--- ENTRIES PROVIDED Enclosed Below ---
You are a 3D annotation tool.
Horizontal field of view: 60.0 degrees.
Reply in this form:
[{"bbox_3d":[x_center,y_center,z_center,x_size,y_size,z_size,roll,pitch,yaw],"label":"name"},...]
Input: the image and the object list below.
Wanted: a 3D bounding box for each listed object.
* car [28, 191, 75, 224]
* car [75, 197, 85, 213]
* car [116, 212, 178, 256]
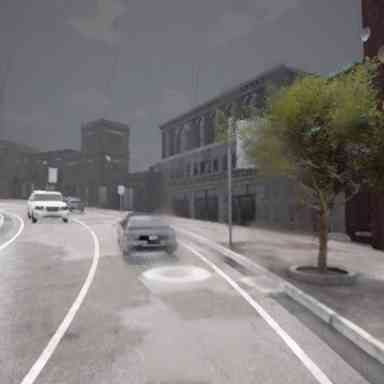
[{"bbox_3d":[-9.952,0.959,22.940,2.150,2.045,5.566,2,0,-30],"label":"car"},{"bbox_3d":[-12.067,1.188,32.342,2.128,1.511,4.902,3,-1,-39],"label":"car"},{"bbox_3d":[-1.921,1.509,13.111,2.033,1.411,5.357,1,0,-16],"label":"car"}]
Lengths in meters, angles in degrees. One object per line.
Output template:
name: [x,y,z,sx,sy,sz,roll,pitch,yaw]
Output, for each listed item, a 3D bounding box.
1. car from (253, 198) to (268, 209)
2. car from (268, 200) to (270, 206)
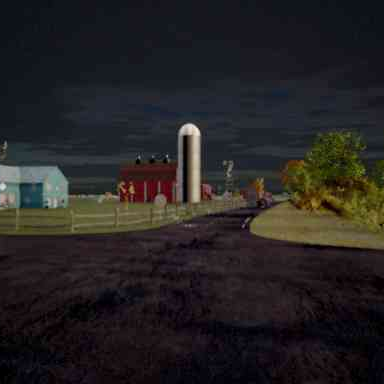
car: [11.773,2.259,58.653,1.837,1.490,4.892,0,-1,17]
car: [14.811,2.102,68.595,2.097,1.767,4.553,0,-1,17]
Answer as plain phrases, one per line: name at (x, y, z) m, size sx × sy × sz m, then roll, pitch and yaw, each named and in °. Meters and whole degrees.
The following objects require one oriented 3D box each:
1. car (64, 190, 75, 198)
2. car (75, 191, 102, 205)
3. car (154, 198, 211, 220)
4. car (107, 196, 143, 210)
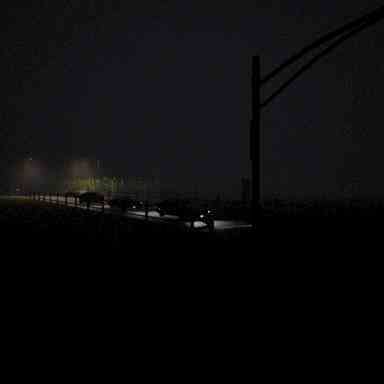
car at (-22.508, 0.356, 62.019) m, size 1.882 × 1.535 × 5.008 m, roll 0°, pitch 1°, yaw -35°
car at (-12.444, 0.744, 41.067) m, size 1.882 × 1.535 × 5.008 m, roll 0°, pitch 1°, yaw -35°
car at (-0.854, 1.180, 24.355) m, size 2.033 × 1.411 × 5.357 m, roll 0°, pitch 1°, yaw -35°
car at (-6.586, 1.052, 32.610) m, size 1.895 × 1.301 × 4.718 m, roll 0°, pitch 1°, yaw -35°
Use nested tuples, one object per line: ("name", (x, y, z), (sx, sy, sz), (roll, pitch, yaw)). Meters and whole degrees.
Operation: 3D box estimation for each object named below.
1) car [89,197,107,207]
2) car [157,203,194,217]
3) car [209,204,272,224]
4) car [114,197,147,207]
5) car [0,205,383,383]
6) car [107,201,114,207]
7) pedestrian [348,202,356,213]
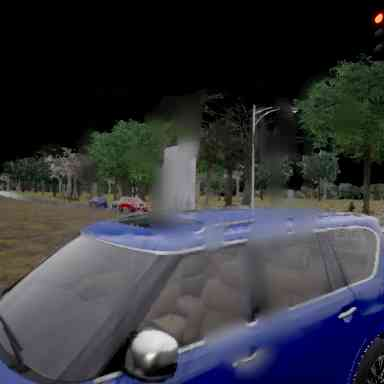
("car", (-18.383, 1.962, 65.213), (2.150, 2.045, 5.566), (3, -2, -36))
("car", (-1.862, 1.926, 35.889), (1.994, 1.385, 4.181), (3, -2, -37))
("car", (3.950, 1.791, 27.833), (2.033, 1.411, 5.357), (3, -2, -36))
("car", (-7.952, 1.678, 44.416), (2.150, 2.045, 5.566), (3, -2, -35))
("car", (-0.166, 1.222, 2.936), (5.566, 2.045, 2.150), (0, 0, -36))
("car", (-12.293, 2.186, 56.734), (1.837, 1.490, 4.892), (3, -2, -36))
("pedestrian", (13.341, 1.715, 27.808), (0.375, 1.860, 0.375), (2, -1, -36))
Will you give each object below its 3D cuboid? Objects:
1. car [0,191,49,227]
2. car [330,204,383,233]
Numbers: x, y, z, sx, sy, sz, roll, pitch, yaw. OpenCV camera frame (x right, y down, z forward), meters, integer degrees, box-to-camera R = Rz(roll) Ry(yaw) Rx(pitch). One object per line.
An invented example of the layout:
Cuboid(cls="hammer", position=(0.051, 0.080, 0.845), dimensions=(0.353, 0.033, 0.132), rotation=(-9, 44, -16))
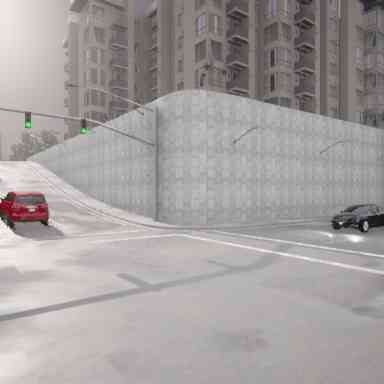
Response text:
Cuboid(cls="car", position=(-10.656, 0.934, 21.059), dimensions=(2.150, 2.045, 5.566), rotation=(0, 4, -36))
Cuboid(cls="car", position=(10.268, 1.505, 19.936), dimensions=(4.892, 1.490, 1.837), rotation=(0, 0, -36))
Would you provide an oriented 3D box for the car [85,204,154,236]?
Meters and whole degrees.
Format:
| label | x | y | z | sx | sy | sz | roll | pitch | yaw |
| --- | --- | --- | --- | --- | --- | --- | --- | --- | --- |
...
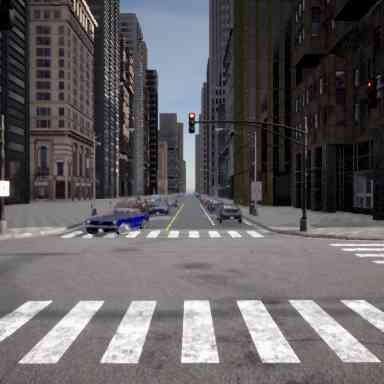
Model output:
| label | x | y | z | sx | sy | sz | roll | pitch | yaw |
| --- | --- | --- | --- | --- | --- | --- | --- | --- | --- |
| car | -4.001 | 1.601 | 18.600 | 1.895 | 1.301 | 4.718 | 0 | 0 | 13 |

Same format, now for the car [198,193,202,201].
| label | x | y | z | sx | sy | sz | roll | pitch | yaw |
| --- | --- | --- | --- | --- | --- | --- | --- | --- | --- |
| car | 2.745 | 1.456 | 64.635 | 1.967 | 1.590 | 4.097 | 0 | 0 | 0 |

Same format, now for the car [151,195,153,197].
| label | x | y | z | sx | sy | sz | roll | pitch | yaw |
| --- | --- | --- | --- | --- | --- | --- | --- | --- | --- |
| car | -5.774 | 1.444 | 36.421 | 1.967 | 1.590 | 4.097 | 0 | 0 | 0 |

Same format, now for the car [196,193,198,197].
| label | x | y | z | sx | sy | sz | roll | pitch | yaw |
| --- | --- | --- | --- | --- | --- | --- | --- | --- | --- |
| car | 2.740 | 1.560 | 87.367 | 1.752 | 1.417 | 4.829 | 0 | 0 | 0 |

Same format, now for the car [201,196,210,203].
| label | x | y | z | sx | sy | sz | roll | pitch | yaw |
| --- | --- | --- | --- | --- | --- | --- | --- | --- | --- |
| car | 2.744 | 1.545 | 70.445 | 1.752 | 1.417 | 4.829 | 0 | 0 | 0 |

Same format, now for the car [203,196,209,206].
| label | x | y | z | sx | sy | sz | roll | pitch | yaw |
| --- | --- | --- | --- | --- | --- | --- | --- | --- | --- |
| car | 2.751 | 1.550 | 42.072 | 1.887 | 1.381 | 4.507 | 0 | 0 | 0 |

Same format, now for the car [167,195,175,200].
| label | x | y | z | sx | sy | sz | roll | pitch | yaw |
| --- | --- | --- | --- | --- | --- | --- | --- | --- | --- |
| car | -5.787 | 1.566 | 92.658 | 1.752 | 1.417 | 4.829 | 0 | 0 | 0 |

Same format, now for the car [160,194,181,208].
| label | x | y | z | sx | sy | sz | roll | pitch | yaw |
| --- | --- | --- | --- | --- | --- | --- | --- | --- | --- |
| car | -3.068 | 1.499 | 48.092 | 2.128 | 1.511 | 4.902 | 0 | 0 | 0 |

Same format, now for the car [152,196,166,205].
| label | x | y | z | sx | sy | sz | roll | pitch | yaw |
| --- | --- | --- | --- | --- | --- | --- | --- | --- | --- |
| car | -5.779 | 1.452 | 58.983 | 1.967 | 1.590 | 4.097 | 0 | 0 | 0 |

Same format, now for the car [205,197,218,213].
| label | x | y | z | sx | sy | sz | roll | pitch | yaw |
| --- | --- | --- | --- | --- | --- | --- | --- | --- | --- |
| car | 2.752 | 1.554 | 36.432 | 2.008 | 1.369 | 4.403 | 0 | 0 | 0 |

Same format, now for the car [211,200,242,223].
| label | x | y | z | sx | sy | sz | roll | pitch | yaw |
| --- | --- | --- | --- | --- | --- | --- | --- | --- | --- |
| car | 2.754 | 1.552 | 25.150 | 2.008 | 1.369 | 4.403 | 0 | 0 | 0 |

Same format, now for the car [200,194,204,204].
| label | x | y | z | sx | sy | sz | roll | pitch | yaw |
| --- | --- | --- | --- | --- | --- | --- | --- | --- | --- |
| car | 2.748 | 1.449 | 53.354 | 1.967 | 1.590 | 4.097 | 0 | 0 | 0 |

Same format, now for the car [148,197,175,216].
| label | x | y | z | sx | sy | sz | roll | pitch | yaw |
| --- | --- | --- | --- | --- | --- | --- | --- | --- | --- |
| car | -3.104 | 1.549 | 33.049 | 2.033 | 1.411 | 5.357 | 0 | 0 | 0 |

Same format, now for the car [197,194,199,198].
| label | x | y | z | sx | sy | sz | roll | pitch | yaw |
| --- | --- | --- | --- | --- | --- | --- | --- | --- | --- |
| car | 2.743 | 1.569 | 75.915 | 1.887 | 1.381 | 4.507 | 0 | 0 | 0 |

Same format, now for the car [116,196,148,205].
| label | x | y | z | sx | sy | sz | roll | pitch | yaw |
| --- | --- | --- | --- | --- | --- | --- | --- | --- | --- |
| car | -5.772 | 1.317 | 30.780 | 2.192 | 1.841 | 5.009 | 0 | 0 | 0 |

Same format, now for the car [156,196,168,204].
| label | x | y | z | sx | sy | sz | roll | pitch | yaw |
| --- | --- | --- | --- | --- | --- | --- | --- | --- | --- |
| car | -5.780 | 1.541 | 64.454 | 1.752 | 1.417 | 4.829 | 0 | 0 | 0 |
--- End of Enclosed ENTRIES PROVIDED ---
--- ENTRIES PROVIDED Enclosed Below ---
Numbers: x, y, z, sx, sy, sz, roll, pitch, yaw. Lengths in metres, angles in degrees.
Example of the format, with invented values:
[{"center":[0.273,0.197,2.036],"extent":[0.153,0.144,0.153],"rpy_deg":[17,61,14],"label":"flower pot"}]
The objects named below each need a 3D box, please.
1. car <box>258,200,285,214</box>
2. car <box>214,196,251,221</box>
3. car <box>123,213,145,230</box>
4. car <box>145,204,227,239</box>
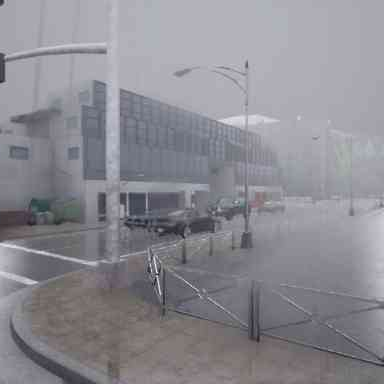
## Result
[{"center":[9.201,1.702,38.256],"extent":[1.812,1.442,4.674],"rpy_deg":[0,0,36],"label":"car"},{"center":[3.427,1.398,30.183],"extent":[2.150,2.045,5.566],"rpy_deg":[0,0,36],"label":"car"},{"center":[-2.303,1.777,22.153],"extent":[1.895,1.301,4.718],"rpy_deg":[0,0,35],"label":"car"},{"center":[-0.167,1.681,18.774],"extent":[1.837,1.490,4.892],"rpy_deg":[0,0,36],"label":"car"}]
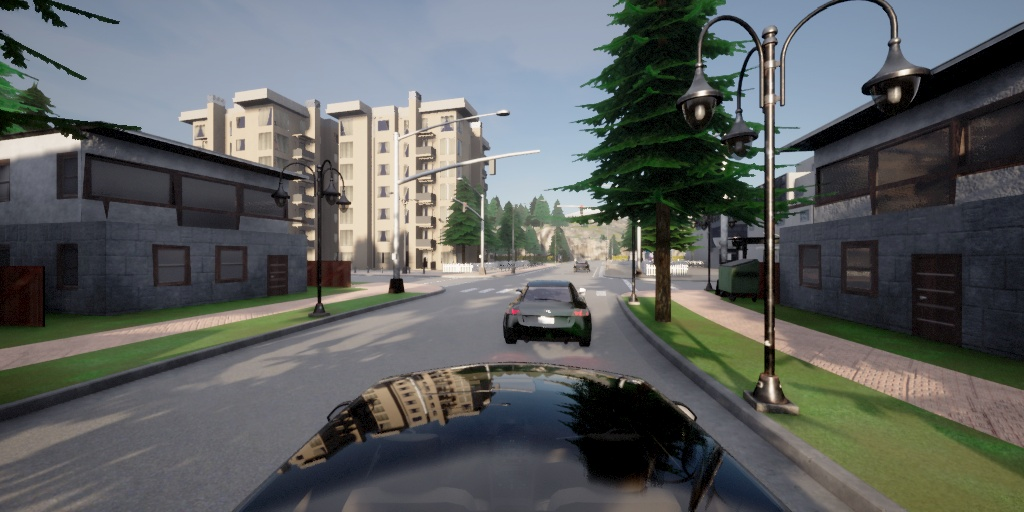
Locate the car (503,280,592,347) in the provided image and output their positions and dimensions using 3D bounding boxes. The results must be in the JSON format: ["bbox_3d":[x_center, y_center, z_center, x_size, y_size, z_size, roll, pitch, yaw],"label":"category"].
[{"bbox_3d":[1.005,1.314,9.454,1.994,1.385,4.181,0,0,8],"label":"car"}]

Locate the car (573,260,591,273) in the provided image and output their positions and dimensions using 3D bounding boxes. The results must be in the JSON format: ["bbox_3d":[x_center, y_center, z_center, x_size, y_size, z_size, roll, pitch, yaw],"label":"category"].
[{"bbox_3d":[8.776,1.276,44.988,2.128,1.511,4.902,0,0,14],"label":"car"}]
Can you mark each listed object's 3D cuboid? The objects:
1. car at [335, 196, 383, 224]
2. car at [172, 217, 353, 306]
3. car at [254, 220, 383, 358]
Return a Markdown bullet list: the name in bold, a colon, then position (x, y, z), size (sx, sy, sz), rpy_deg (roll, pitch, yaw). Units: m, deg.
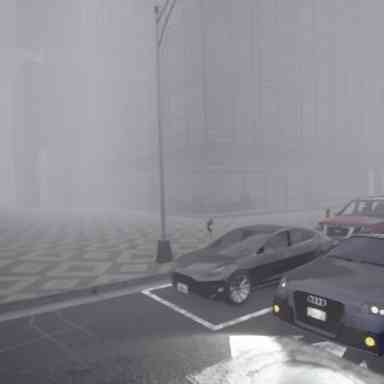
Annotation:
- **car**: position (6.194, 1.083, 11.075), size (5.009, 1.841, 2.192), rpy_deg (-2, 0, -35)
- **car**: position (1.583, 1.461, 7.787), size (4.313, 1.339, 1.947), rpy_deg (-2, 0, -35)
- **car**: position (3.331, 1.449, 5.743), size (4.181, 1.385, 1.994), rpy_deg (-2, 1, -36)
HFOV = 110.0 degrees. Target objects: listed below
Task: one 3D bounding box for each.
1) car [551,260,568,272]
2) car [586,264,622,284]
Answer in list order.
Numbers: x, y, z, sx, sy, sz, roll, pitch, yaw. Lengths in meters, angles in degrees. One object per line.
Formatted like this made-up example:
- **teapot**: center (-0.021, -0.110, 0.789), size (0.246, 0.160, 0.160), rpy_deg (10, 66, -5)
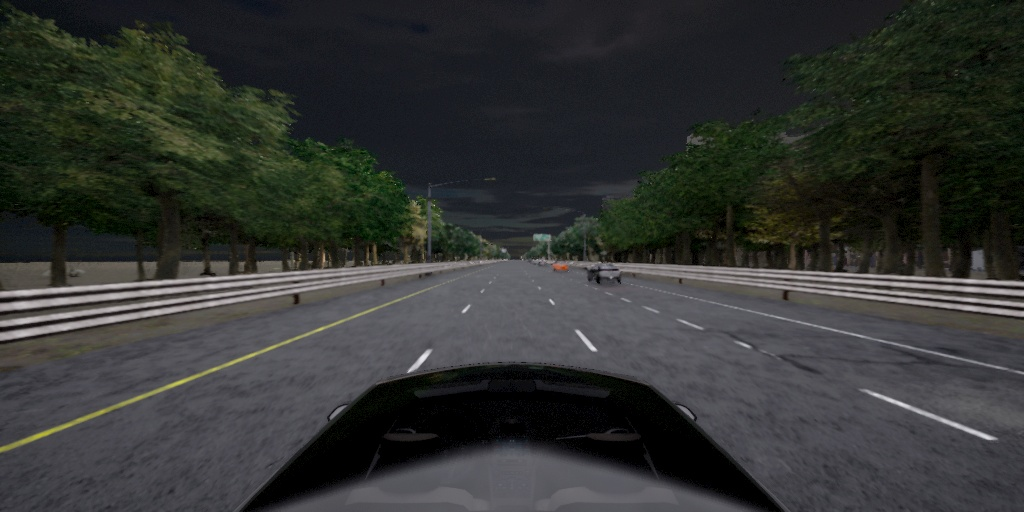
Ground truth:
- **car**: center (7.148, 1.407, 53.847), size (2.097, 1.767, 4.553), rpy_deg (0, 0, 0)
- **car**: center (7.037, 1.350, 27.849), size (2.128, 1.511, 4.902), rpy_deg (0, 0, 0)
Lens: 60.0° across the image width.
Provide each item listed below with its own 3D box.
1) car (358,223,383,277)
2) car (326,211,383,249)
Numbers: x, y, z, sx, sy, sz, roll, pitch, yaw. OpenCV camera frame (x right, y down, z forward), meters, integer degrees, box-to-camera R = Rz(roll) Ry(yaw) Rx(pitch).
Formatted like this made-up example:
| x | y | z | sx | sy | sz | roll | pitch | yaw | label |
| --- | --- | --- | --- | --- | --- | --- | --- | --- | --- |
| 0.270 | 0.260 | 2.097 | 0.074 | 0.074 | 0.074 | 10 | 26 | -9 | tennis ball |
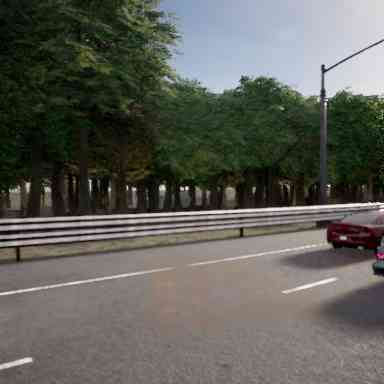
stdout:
--- End of Enclosed ENTRIES PROVIDED ---
--- ENTRIES PROVIDED Enclosed Below ---
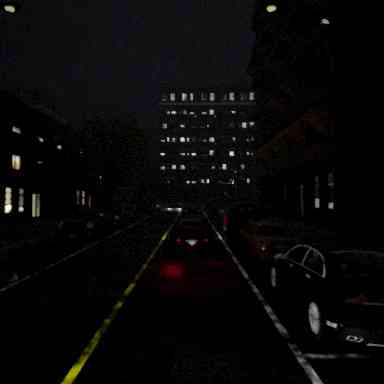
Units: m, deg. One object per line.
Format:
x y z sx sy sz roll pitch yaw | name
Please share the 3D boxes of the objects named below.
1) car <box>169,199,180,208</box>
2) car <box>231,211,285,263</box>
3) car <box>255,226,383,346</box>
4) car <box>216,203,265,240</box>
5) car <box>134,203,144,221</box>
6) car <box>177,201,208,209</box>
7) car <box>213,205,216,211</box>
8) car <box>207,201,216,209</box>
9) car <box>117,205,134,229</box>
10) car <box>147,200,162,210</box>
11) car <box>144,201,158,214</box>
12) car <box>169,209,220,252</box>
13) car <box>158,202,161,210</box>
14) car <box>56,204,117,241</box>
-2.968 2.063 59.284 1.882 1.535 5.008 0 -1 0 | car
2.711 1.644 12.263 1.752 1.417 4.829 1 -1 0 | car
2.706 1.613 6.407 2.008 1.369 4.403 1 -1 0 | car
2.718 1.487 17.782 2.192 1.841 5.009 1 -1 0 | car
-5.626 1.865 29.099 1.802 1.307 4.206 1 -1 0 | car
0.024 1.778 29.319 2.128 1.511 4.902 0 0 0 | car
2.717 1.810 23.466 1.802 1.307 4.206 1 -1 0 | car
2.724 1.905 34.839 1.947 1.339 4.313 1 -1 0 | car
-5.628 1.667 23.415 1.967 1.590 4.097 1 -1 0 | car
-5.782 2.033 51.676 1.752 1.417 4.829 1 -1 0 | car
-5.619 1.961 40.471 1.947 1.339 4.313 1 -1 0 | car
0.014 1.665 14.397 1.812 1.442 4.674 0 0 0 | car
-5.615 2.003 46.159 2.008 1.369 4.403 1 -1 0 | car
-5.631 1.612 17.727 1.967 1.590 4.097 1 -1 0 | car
--- End of Enclosed ENTRIES PROVIDED ---
- **PROBLEM TO WORK ON**
Where in the records above does the word "Units" appear? Copy each line that holds it.

- **EXERCISE ANSWER**
Return a Markdown bullet list: the name in bold, a colon, then position (x, y, z), size (sx, sy, sz), rpy_deg (roll, pitch, yaw). Units: m, deg.
Units: m, deg. One object per line.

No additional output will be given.